During the Singapore International Water Week, the digital transformation of the water industry was a hot topic. Industry leaders from all over the world shared case examples and thoughts about this disruptive digital revolution. I call it disruptive because digital twins will revolutionise plant operations.

In this blog article, I'm summarising the main takeaways of the 8h-workshop on 'Digital Transformation of the Water Sector and Role of Digital Twins', including the value of digital twins, the big shift in how we will use models and the confusion and debate around the definition.

1. What is the value of a digital twin? Discover the three major benefits

 

Let's start with the essential point: WHY? Because digital twins began to emerge just recently, there is a current lack of tangible case examples. Therefore I will first list three cases Ifrom the workshop and distil the generic benefits.

Jesper Kjelds (Aarhus Vand) stated that "Digitalisation is not a goal on its own. It is a means to reach business goals".

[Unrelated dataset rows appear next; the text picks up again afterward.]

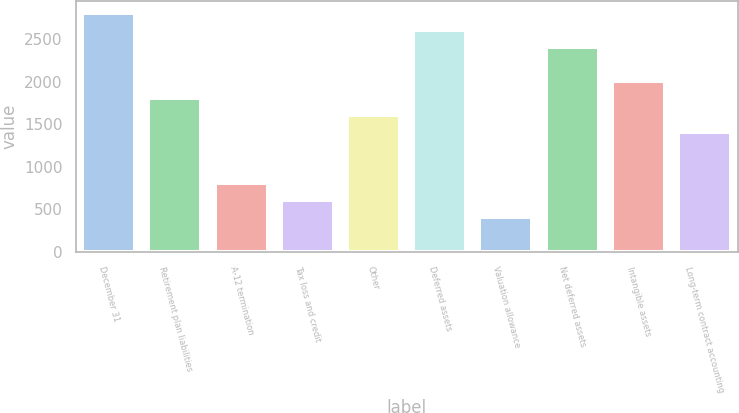Convert chart. <chart><loc_0><loc_0><loc_500><loc_500><bar_chart><fcel>December 31<fcel>Retirement plan liabilities<fcel>A-12 termination<fcel>Tax loss and credit<fcel>Other<fcel>Deferred assets<fcel>Valuation allowance<fcel>Net deferred assets<fcel>Intangible assets<fcel>Long-term contract accounting<nl><fcel>2808.4<fcel>1807.9<fcel>807.4<fcel>607.3<fcel>1607.8<fcel>2608.3<fcel>407.2<fcel>2408.2<fcel>2008<fcel>1407.7<nl></chart> 
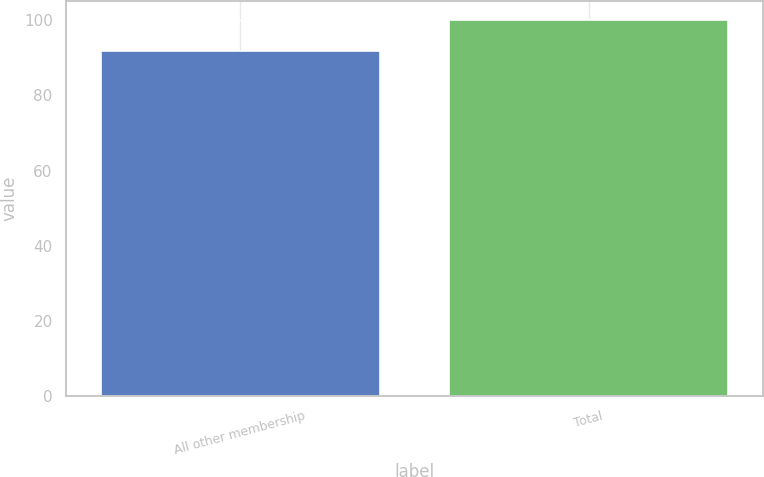<chart> <loc_0><loc_0><loc_500><loc_500><bar_chart><fcel>All other membership<fcel>Total<nl><fcel>91.9<fcel>100<nl></chart> 
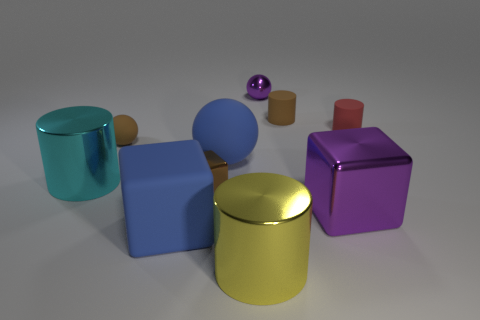Subtract all metallic spheres. How many spheres are left? 2 Subtract all cyan cylinders. How many cylinders are left? 3 Subtract all cylinders. How many objects are left? 6 Subtract 2 cubes. How many cubes are left? 1 Subtract all small purple shiny objects. Subtract all purple cubes. How many objects are left? 8 Add 3 big yellow cylinders. How many big yellow cylinders are left? 4 Add 5 brown rubber spheres. How many brown rubber spheres exist? 6 Subtract 1 brown blocks. How many objects are left? 9 Subtract all yellow cylinders. Subtract all blue balls. How many cylinders are left? 3 
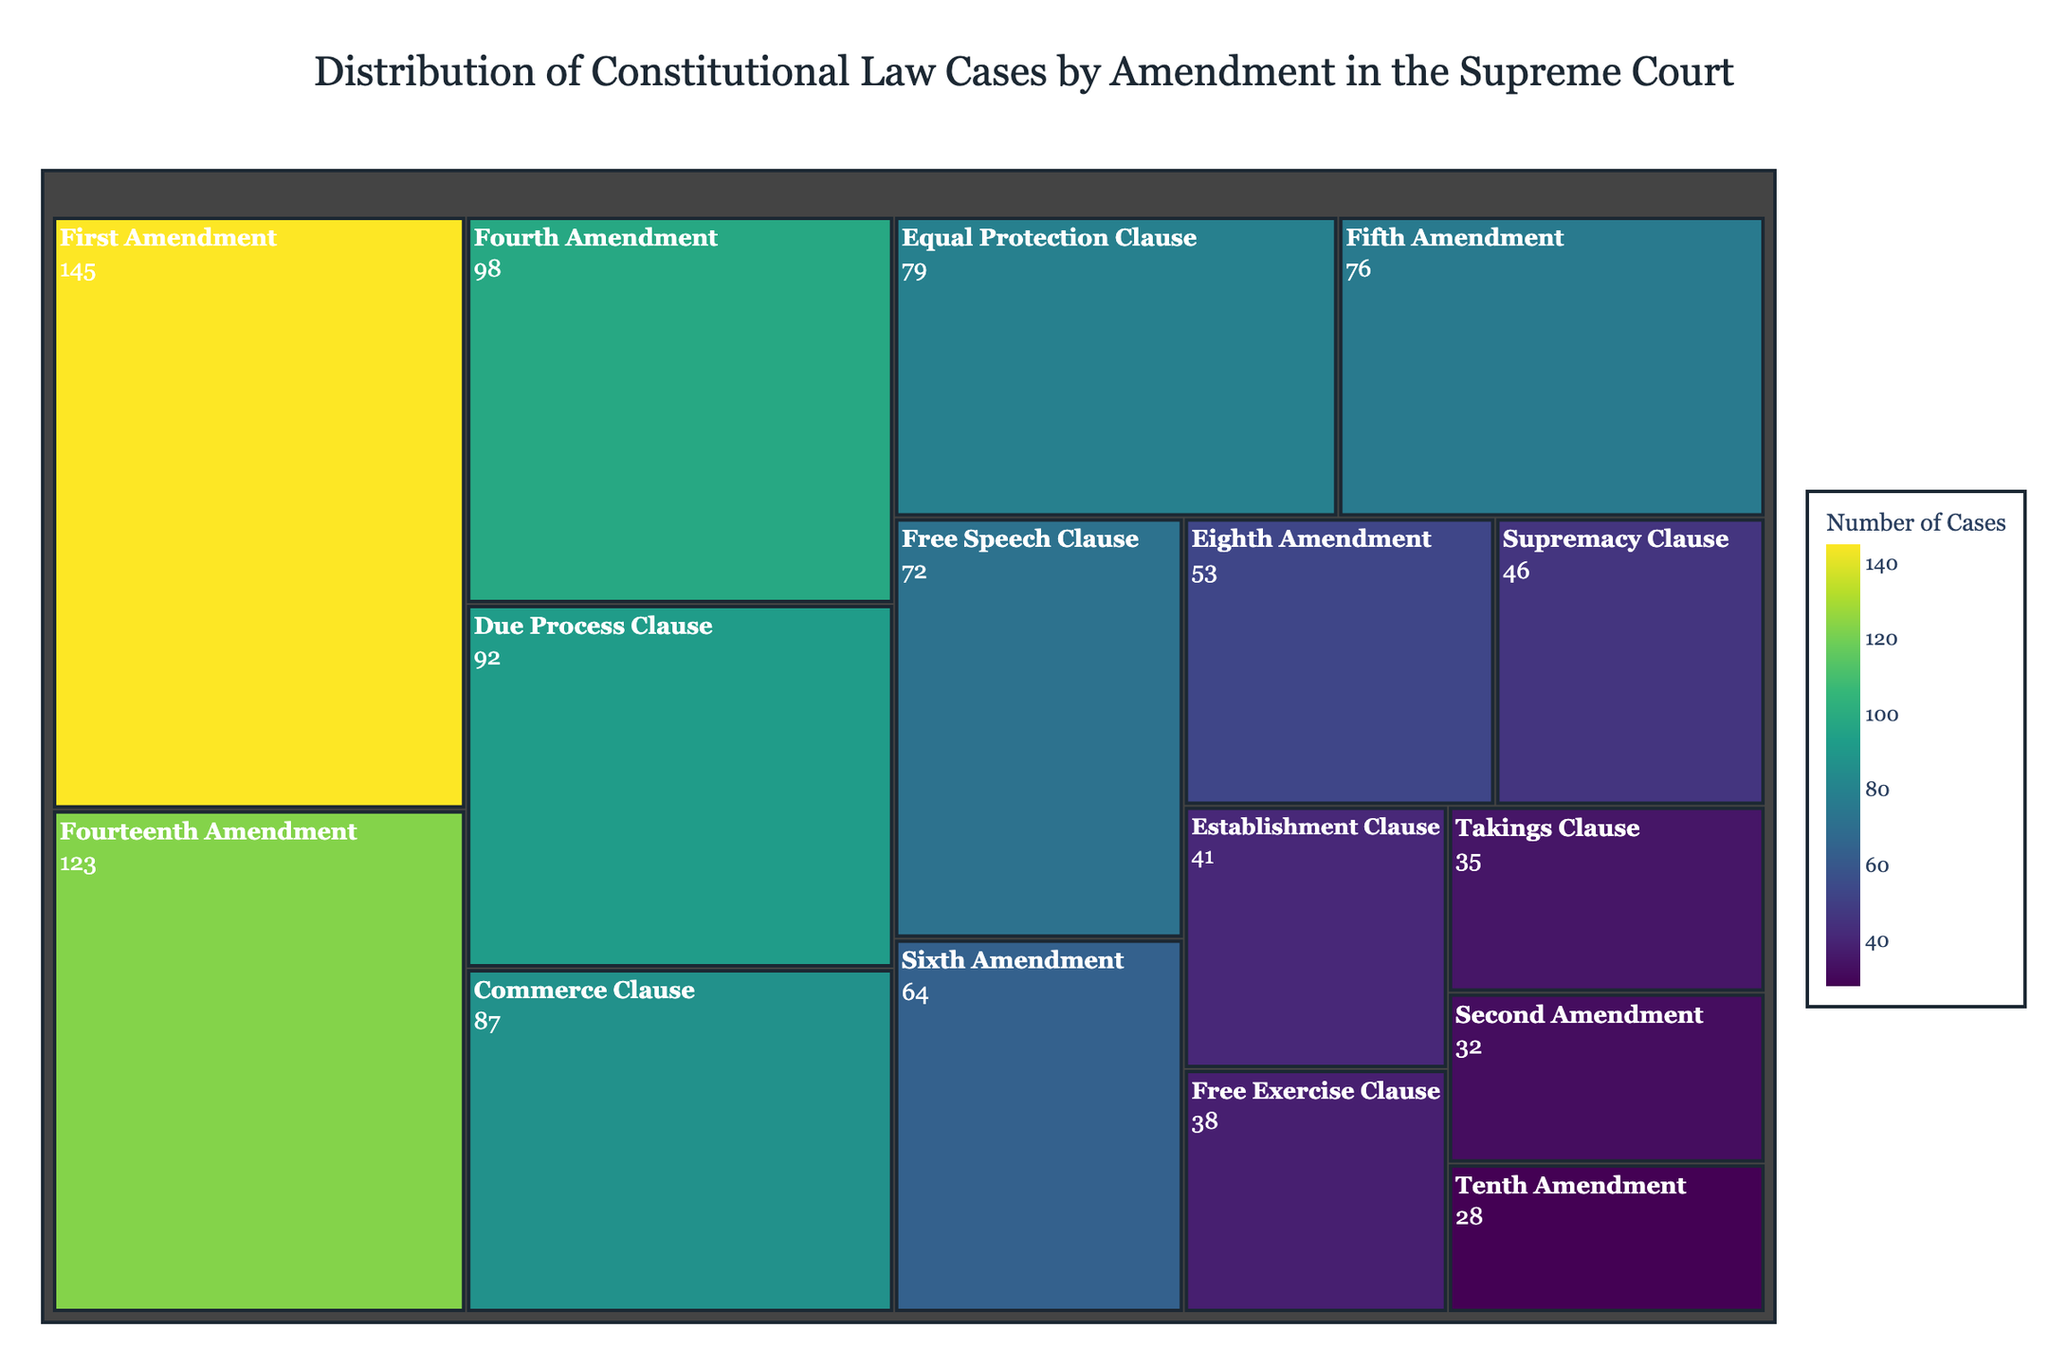Which amendment has the highest number of cases? Look for the amendment with the largest segment in the treemap and the highest value. The First Amendment has 145 cases, which is the largest number among all segments.
Answer: First Amendment How many cases are related to the Fourth and Sixth Amendments combined? Locate the Fourth Amendment and Sixth Amendment segments and add their case counts together (98 + 64). The sum is 162.
Answer: 162 Which amendment has fewer cases, the Tenth Amendment or the Establishment Clause? Compare the number of cases for the Tenth Amendment (28) and the Establishment Clause (41). The Tenth Amendment has fewer cases.
Answer: Tenth Amendment What is the difference between the number of cases for the Fifteenth Amendment and the Free Exercise Clause? Identify the segments for the Fifth Amendment (76) and the Free Exercise Clause (38) and subtract the cases for Free Exercise Clause from the Fifth Amendment (76 - 38). The difference is 38.
Answer: 38 What is the average number of cases for the Sixth, Eighth, and Takings Clause Amendments? Find the case counts for the Sixth Amendment (64), Eighth Amendment (53), and Takings Clause (35). Calculate the average: (64 + 53 + 35) / 3 = 152 / 3 = 50.67.
Answer: 50.67 Which clause has more cases, the Commerce Clause or the Due Process Clause? Compare the number of cases for the Commerce Clause (87) and the Due Process Clause (92). The Due Process Clause has more cases.
Answer: Due Process Clause What is the total number of cases related to all Amendments and Clauses combined? Sum up the case counts for all the segments. The total is 145 + 98 + 123 + 32 + 76 + 64 + 53 + 28 + 87 + 92 + 79 + 41 + 38 + 72 + 35 + 46 = 1009.
Answer: 1009 How many more cases does the Fourteenth Amendment have compared to the Second Amendment? Identify the case counts for the Fourteenth Amendment (123) and the Second Amendment (32). Subtract the Second Amendment cases from the Fourteenth Amendment cases (123 - 32). The difference is 91.
Answer: 91 Which clauses have case counts in the range of 30-40? Analyze the segments to find clauses with case counts between 30 and 40. The clauses are Free Exercise Clause (38) and Takings Clause (35).
Answer: Free Exercise Clause, Takings Clause

Before we dive into the benefits, I heard about two essential side effects of digitalisation:

  • As digitalisation is a way to reach business goals, a digitalisation exercise is a powerful way to reassess, review and communicate business goals (which are often not clear to everyone).
  • Digitalisation is a change management exercise. We need change anyway with the current challenges we're facing (e.g. climate change). So it's good training in resilience for many people.

 

Three practical case examples 

While participants showed more examples, the following three were very tangible:

  • Reducing non-revenue water in drinking water distribution in the Valencia area (Spain) through 'leak prioritisation' (i.e. which leaks to fix first) based on machine learning (Global Omnium, Spain)
  • Enhancing the stability of membrane bioreactor (MBR) operation through advanced data analytics and machine learning (PUB, Singapore)
  • Highly accurate 1-day prediction of influent flow using artificial intelligence, leading to smoother downstream plant operation (Clean Water Services, US)
     

The benefits summarised

Multiple speakers came with figures summarising the main benefits of digital twins or digitalisation in general (Figure 1). There are' human benefits next to direct operational benefits (i.e. plant performance and efficiency). The first is critical as digitalisation is a change management exercise, and people need to see the benefits to go with the change.

 

Figure 1: the 'benefits' of digital twins, summarised by three different organisations - Clean Water Services and PUB showed the first two figures in the workshop

 

One attendee asked: "How to convince management if the main benefits are not directly monetary of nature?". The discussion revealed the importance of non-monetary benefits. And the non-monetary benefits are mainly people benefits. But, of course, one benefit can be in several categories. For example, 'the storage of experience from an ageing workforce' in a digital twin leads to monetary and people benefits.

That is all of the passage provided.